HanXRQChr01 12430 . T . 16.80 . AN=2;DP=1 GT:AD:DP:RGQ 0/0:1,0:1:3
HanXRQChr01 12431 . GA . 138.70 . AN=2;BaseQRankSum=1.09;ClippingRankSum=0.00;DP=1;ExcessHet=3.0103;FS=0.000;MQ=60.00;MQRankSum=0.00;QD=15.41;ReadPosRankSum=0.020;SOR=1.179 GT:AD:DP:GQ:PL 0/0:1:1:3:0
HanXRQChr01 12432 . A . 138.70 . AN=2;DP=1;ExcessHet=3.0103;FS=0.000;QD=15.41;SOR=1.179 GT:AD:DP:GQ:PL 0/0:1:1:3:0
My interpretation would be that it is the true state is TGA, but the maybe its TGAA?
HanXRQChr01 17651 . TCGGCAA . 298.45 . AN=2;DP=3;ExcessHet=0.4576;FS=0.000;MQ=56.12;QD=30.57;SOR=0.941 GT:AD:DP:GQ:PL 0/0:3:3:3:0
HanXRQChr01 17652 . C . 303.51 . AN=0;DP=2;ExcessHet=3.0103;FS=0.000;QD=30.65;SOR=0.941 GT:AD:DP:PL ./.:2:2:0
HanXRQChr01 17653 . G . 303.51 . AN=0;DP=2;ExcessHet=3.0103;FS=0.000;QD=35.84;SOR=0.941 GT:AD:DP:PL ./.:2:2:0
HanXRQChr01 17654 . G . 303.51 . AN=0;DP=2;ExcessHet=3.0103;FS=0.000;QD=30.94;SOR=0.941 GT:AD:DP:PL ./.:2:2:0
In this case, there seems to be a difference in confidence depending on which row I interpret.
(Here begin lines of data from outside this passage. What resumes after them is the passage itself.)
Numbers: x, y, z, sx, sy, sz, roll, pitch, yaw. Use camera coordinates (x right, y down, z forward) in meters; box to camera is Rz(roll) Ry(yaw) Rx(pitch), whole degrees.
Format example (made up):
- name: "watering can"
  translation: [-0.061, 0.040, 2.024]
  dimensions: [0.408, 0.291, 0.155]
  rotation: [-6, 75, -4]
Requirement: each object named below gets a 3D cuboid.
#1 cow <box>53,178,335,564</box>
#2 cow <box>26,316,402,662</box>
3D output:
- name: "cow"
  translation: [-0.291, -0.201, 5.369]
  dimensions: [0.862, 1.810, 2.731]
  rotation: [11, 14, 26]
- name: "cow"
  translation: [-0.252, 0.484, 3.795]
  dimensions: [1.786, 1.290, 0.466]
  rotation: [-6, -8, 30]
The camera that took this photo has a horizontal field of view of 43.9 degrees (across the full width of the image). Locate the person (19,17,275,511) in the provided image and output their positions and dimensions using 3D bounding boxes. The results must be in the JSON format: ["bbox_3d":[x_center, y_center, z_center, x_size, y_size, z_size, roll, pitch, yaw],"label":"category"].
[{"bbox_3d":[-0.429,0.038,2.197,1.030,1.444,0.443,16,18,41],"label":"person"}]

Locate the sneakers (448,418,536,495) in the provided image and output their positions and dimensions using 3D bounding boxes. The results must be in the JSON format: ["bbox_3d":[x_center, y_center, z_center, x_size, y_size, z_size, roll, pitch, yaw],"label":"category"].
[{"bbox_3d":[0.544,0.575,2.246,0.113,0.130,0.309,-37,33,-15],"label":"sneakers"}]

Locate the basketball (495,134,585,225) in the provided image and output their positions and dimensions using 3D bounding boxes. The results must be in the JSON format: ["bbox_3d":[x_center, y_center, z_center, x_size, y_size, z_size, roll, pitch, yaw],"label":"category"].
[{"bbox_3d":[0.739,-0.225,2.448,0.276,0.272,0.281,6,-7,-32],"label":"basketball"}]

Looking at the first row, it calls the reference allele for a 7 basepair stretch, but subsequent rows don't have any variant call. Should I interpret this as TCGG or TNNN or NNNN?
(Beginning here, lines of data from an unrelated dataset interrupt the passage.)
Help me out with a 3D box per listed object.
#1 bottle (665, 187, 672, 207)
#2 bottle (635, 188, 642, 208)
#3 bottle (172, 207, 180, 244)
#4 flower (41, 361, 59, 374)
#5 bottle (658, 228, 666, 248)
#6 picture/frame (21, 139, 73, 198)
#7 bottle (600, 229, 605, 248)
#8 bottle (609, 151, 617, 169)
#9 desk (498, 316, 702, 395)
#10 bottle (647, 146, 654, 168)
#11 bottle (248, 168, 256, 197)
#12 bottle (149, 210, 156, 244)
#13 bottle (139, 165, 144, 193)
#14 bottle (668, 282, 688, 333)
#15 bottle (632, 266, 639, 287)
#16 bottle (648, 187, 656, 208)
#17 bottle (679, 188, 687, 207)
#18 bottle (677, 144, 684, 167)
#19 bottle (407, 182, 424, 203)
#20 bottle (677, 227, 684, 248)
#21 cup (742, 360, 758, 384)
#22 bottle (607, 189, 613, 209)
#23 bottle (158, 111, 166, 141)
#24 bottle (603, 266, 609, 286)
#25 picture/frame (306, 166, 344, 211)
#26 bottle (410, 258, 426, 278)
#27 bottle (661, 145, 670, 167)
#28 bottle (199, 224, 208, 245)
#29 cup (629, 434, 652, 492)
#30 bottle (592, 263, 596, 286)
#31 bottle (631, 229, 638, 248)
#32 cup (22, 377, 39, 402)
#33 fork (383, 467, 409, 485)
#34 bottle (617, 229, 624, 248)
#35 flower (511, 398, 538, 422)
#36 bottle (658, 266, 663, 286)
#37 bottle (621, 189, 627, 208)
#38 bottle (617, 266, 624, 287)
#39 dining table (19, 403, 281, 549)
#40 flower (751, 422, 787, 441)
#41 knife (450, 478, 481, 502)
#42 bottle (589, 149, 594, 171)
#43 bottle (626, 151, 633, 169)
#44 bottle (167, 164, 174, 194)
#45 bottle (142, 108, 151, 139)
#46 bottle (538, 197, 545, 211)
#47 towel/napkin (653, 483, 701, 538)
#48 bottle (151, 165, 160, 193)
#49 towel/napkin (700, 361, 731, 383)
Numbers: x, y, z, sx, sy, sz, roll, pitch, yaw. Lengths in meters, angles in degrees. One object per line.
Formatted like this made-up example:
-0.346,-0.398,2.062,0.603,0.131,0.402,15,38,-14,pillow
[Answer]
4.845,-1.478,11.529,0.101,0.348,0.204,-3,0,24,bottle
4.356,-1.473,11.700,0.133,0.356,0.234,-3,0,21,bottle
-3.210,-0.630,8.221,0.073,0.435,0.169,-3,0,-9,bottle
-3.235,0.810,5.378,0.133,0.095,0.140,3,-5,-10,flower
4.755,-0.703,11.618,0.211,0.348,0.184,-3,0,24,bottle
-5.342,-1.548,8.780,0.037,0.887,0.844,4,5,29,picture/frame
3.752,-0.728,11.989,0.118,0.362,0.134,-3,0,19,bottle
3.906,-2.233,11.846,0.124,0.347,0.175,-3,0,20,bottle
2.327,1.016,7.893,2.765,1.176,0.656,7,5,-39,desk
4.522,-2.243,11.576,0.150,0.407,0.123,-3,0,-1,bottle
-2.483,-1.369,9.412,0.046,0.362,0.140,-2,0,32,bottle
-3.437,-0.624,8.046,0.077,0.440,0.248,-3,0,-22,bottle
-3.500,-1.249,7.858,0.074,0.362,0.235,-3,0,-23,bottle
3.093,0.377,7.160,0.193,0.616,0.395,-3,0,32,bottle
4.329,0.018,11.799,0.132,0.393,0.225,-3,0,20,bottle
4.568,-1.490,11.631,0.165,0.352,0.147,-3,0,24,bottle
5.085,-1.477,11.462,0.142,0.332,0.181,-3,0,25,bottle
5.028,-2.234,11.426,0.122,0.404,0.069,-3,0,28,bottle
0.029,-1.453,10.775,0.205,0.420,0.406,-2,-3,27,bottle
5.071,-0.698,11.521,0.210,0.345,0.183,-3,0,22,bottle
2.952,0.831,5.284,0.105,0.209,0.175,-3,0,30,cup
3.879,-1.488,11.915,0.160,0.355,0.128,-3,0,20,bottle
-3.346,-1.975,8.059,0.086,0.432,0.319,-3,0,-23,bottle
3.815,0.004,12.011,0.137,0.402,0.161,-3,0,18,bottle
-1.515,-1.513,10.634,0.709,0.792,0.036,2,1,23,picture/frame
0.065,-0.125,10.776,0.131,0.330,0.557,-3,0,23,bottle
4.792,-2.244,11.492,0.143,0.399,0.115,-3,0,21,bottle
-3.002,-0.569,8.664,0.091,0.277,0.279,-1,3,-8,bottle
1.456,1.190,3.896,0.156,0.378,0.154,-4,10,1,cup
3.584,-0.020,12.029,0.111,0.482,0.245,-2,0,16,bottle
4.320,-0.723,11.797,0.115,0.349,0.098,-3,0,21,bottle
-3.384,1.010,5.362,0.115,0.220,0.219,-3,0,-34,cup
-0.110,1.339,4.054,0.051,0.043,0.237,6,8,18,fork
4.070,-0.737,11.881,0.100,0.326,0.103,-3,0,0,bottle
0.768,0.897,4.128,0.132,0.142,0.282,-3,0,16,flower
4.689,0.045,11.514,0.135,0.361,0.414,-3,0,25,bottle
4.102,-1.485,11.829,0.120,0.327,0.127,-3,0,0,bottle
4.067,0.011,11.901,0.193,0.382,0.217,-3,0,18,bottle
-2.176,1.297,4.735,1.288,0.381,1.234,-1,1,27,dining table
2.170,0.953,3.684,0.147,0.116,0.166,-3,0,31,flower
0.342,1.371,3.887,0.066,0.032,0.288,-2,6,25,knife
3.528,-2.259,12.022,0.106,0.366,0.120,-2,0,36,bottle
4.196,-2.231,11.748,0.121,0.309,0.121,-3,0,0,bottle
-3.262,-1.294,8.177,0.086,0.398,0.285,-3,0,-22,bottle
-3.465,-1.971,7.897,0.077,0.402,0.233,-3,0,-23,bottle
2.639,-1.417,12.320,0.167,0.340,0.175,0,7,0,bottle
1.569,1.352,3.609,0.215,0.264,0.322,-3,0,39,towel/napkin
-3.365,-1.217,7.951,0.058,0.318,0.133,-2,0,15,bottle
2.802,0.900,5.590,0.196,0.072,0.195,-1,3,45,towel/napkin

HanXRQChr01 56181 . ATTT A,AT 921.63 . AC=1,1;AF=0.500,0.500;AN=2;BaseQRankSum=0.681;ClippingRankSum=0.00;DP=11;ExcessHet=3.0103;FS=0.000;MQ=58.70;MQRankSum=0.00;QD=25.74;ReadPosRankSum=0.475;SOR=0.321 GT:AD:DP:GQ:PL 1/2:0,9,2:11:43:462,73,43,378,0,
HanXRQChr01 56182 . T * 769.10 . AC=2;AF=1.00;AN=2;DP=11;ExcessHet=3.0103;FS=0.000;QD=31.15;SOR=0.321 GT:AD:DP:GQ:PL 1/1:0,9:11:30:419,30,0
HanXRQChr01 56183 . T * 769.10 . AC=2;AF=1.00;AN=2;DP=11;ExcessHet=3.0103;FS=0.000;QD=29.40;SOR=0.321 GT:AD:DP:GQ:PL 1/1:0,9:11:30:419,30,0
HanXRQChr01 56184 . T * 724.25 . AC=2;AF=1.00;AN=2;DP=11;ExcessHet=3.0103;FS=0.000;QD=29.97;SOR=0.287 GT:AD:DP:GQ:PL 1/1:0,9:11:30:419,30,0
HanXRQChr01 56185 . T . 12.99 . AN=0;DP=17 GT:AD:DP ./.:17,0:17
HanXRQChr01 56186 . T . 23.07 . AN=2;DP=17 GT:AD:DP:RGQ 0/0:17,0:17:4
HanXRQChr01 56187 . T . 20.94 . AN=2;DP=16 GT:AD:DP:RGQ 0/0:16,0:16:1
HanXRQChr01 56188 . T . 26.81 . AN=2;DP=17 GT:AD:DP:RGQ 0/0:17,0:17:14
Would the two haplotypes be: A-NTTT/ATNTTT?